**TASK STATEMENT:** Take the material below and output exactly the run of lines from the one containing "- person <box>636,345,702,633</box>" down to the one containing "- person <box>317,348,404,614</box>", with both included.
(RECORDS SHOWN)
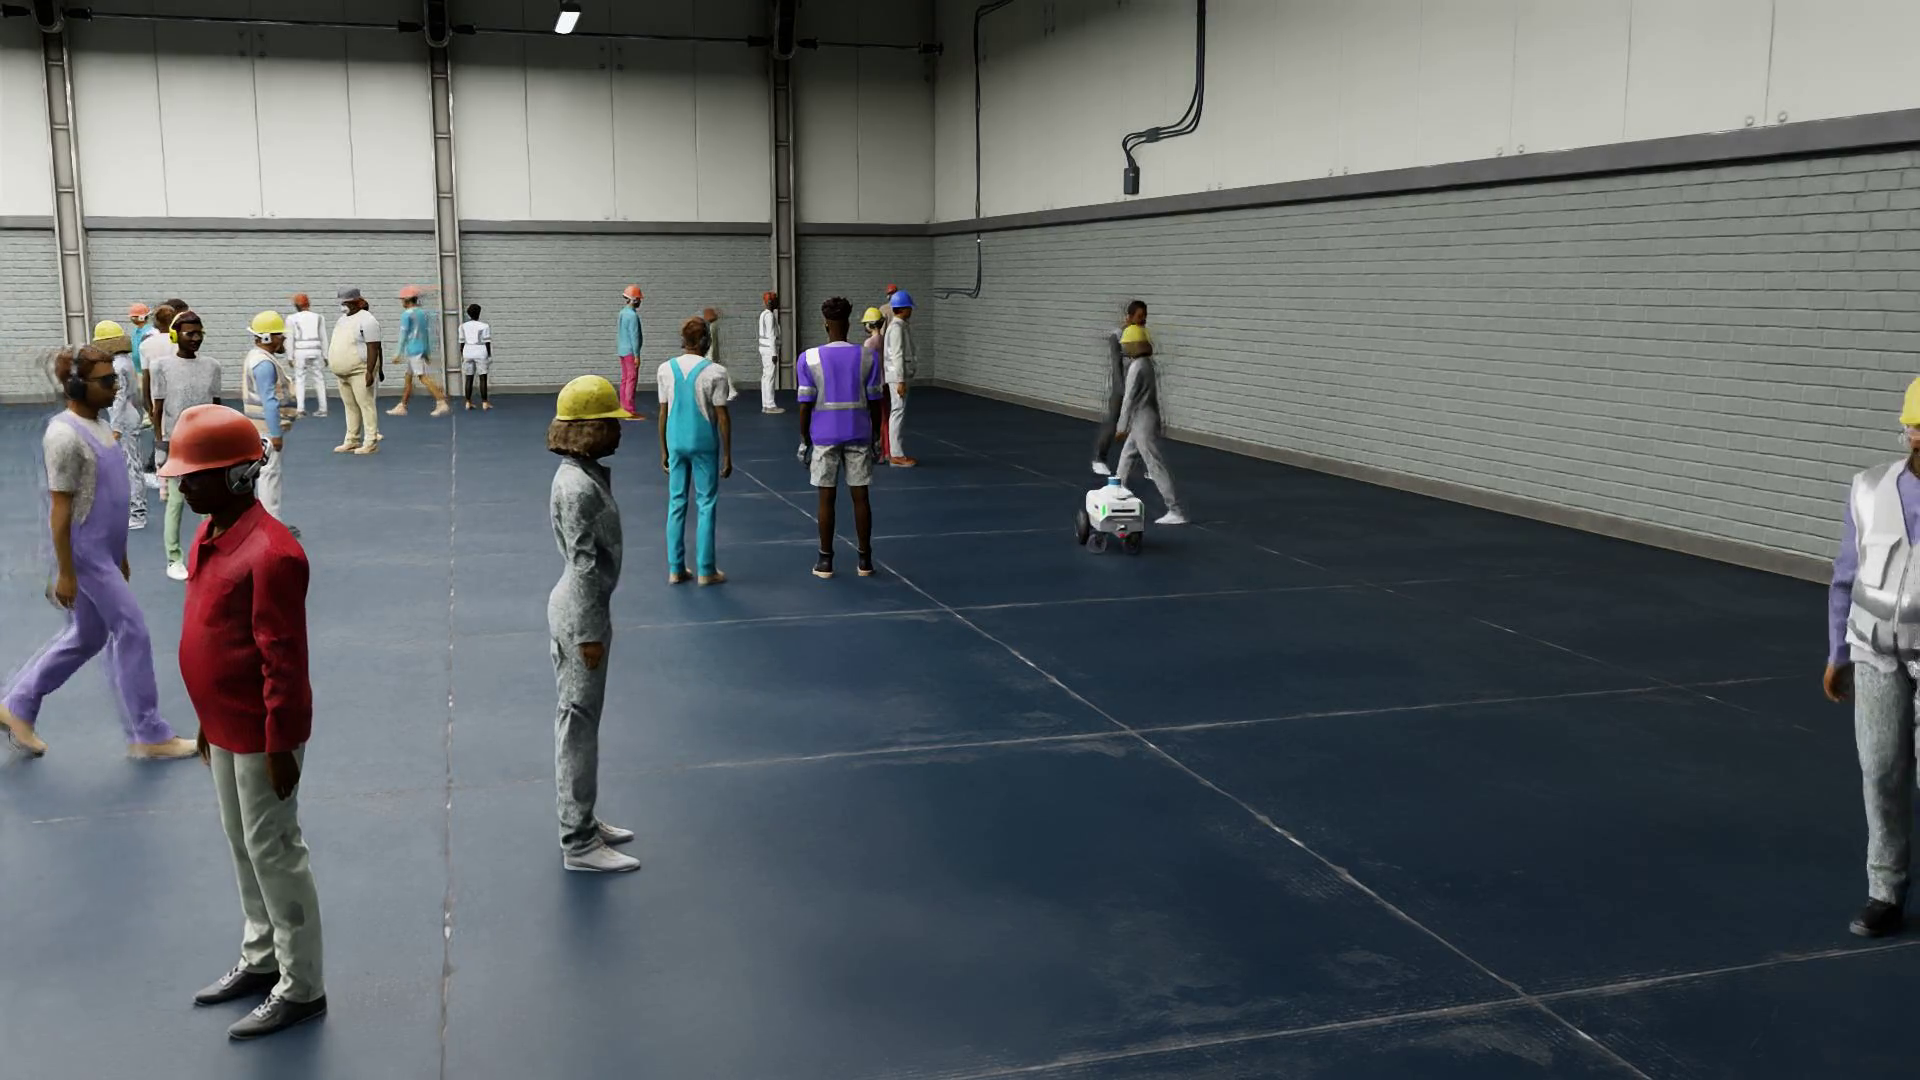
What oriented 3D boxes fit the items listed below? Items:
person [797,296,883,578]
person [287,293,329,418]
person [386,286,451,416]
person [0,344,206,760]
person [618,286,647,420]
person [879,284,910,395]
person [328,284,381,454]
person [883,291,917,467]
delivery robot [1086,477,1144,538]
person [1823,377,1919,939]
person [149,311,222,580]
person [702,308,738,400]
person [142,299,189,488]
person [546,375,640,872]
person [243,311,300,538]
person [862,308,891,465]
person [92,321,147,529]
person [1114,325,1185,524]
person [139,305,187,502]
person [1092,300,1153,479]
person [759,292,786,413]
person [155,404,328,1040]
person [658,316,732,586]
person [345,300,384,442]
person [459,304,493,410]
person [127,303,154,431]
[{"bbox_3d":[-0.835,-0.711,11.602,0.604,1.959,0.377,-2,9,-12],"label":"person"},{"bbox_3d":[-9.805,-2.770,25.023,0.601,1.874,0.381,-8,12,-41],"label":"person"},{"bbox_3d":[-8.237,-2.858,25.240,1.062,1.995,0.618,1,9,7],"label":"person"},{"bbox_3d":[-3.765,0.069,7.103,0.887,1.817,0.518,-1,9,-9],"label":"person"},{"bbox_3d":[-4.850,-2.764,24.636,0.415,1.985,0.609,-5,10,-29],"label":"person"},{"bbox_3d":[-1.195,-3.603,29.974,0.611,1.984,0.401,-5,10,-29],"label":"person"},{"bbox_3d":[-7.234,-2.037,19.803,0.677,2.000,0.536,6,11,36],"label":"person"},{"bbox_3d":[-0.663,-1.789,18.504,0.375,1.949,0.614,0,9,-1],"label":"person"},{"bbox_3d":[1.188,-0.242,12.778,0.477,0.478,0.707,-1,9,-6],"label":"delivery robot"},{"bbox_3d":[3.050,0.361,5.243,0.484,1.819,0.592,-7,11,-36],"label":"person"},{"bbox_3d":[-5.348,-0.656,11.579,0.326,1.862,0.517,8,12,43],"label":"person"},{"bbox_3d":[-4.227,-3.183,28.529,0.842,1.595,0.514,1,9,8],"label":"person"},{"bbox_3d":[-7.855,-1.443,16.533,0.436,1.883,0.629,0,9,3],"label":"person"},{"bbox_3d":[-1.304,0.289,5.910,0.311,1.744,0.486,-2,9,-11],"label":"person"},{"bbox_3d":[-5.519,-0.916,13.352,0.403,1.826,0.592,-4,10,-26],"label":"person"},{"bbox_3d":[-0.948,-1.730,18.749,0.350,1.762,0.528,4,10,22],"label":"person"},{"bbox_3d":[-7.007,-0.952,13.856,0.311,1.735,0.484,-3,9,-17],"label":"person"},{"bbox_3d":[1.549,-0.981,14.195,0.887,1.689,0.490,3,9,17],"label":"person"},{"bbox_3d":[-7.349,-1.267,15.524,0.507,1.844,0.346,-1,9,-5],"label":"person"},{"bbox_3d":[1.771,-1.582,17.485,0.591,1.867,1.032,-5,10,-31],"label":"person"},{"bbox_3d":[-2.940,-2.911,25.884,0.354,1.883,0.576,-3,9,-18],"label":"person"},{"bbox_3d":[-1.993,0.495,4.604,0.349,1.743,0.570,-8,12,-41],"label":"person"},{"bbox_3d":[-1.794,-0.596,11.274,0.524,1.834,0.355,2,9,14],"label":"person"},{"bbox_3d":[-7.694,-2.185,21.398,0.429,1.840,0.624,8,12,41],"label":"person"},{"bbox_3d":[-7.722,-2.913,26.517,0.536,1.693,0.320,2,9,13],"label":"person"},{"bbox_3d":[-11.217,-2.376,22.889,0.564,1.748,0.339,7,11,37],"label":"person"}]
(End RECORDS SHOWN)
(RECORDS SHOWN)
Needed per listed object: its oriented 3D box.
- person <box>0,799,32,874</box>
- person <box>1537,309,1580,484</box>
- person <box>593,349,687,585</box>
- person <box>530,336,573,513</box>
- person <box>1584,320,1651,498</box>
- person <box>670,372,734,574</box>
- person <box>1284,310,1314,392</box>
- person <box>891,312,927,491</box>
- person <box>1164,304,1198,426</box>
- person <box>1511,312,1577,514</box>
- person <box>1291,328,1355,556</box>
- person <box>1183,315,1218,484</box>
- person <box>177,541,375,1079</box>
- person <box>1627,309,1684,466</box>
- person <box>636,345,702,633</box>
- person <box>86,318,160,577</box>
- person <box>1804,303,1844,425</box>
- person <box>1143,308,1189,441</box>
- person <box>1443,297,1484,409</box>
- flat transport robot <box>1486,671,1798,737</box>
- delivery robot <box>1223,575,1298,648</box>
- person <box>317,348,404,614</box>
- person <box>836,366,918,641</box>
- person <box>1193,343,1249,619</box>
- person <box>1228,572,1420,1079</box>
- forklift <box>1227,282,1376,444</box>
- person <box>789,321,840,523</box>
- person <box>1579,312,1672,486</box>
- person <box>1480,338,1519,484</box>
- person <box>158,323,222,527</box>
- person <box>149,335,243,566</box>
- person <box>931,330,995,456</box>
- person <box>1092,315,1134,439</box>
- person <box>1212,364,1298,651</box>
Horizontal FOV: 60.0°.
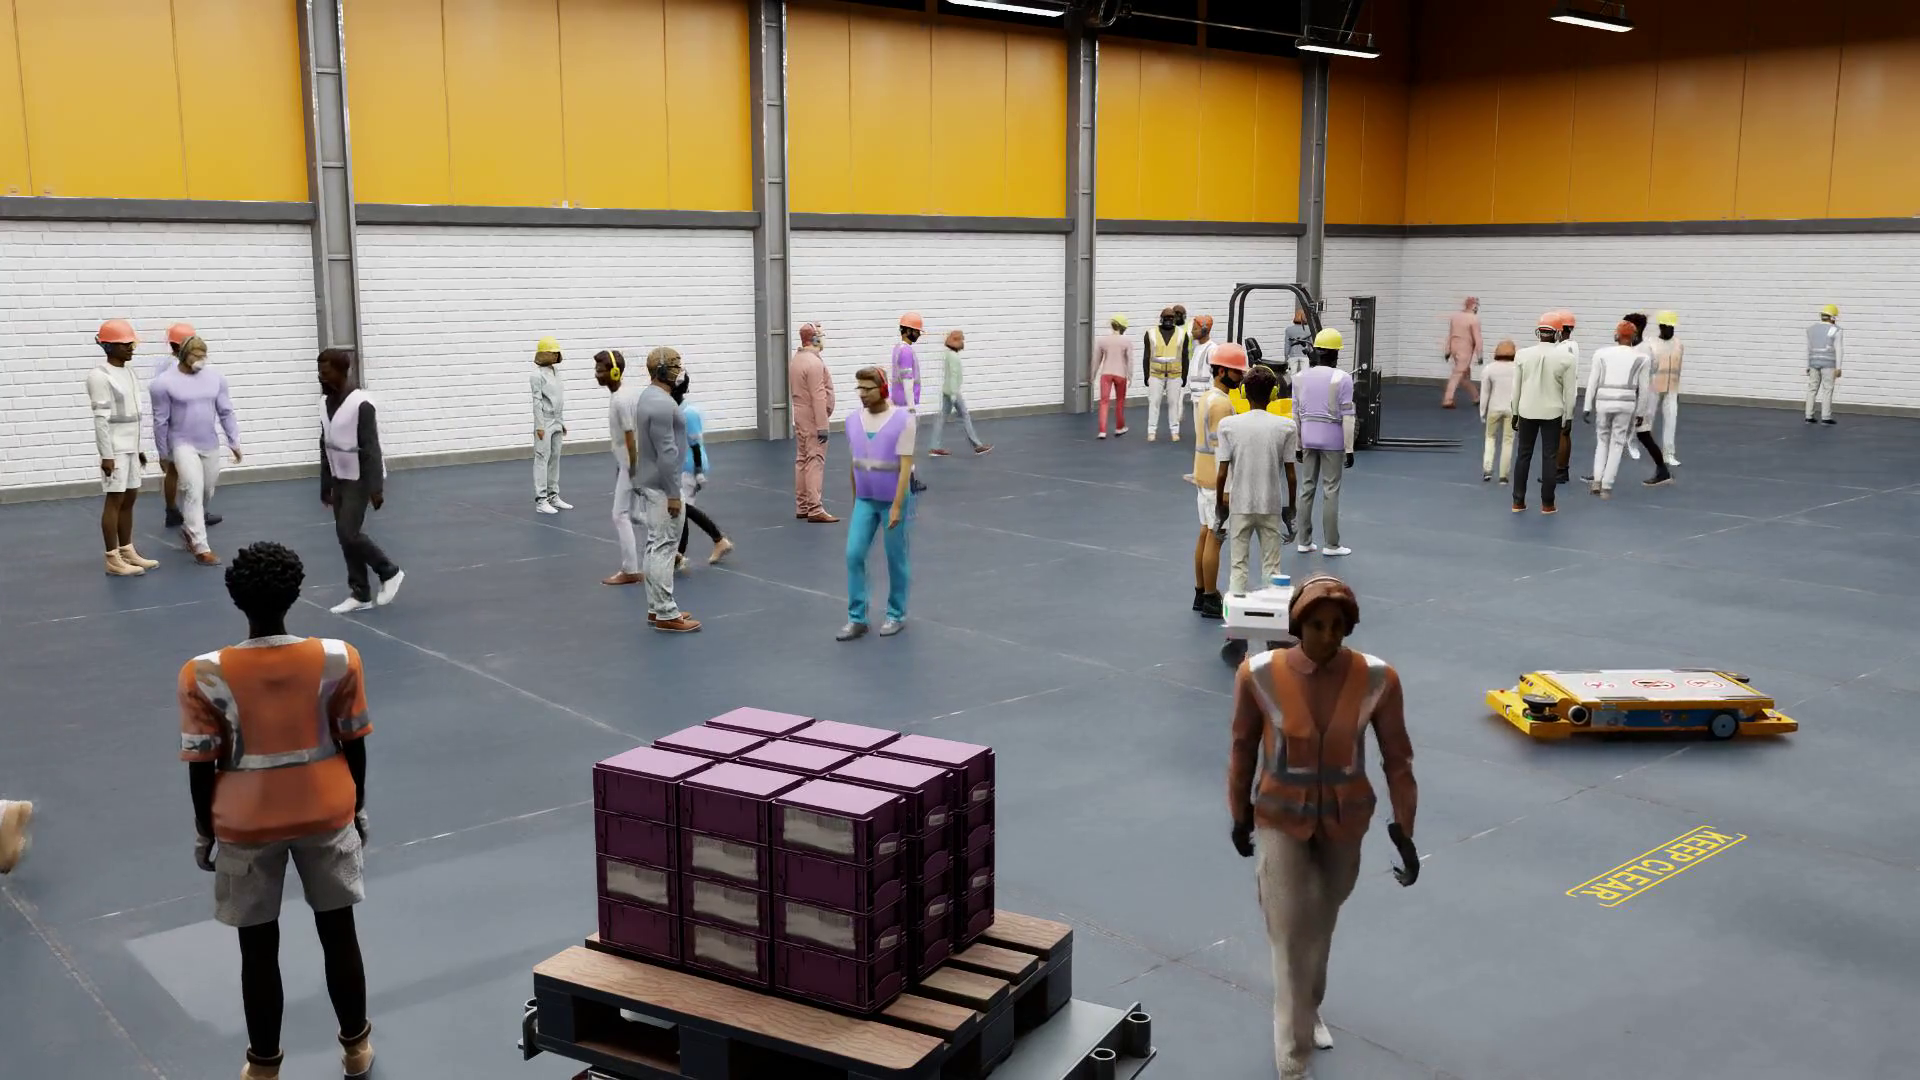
(End RECORDS SHOWN)
(RECORDS SHOWN)
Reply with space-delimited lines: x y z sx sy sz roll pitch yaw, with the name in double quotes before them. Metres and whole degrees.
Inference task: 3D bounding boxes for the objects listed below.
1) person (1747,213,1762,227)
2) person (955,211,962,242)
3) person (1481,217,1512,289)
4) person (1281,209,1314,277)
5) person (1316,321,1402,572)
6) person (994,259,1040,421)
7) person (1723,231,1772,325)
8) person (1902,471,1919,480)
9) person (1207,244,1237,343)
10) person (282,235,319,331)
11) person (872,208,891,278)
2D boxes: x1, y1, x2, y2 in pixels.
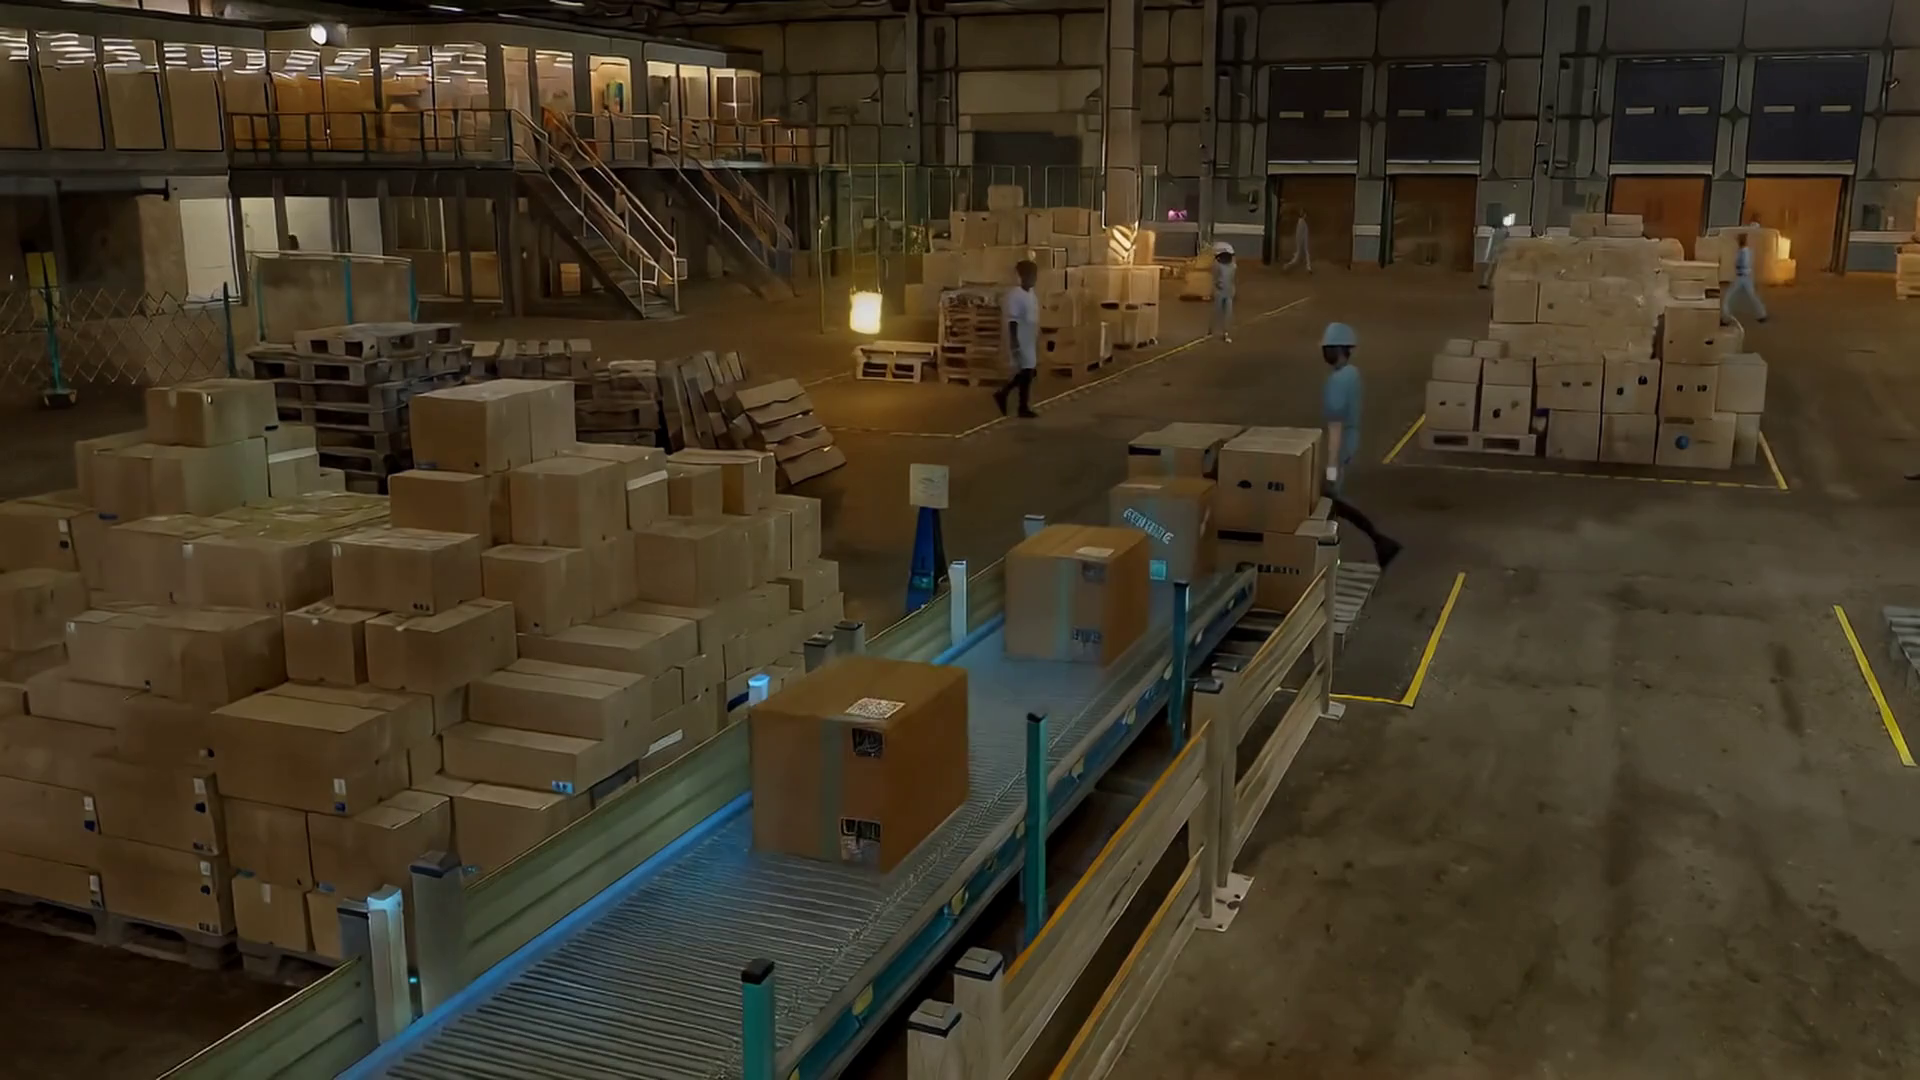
(End RECORDS SHOWN)
**WRITTEN REPLY:**
- person <box>636,345,702,633</box>
- person <box>86,318,160,577</box>
- person <box>1804,303,1844,425</box>
- person <box>1143,308,1189,441</box>
- person <box>1443,297,1484,409</box>
- flat transport robot <box>1486,671,1798,737</box>
- delivery robot <box>1223,575,1298,648</box>
- person <box>317,348,404,614</box>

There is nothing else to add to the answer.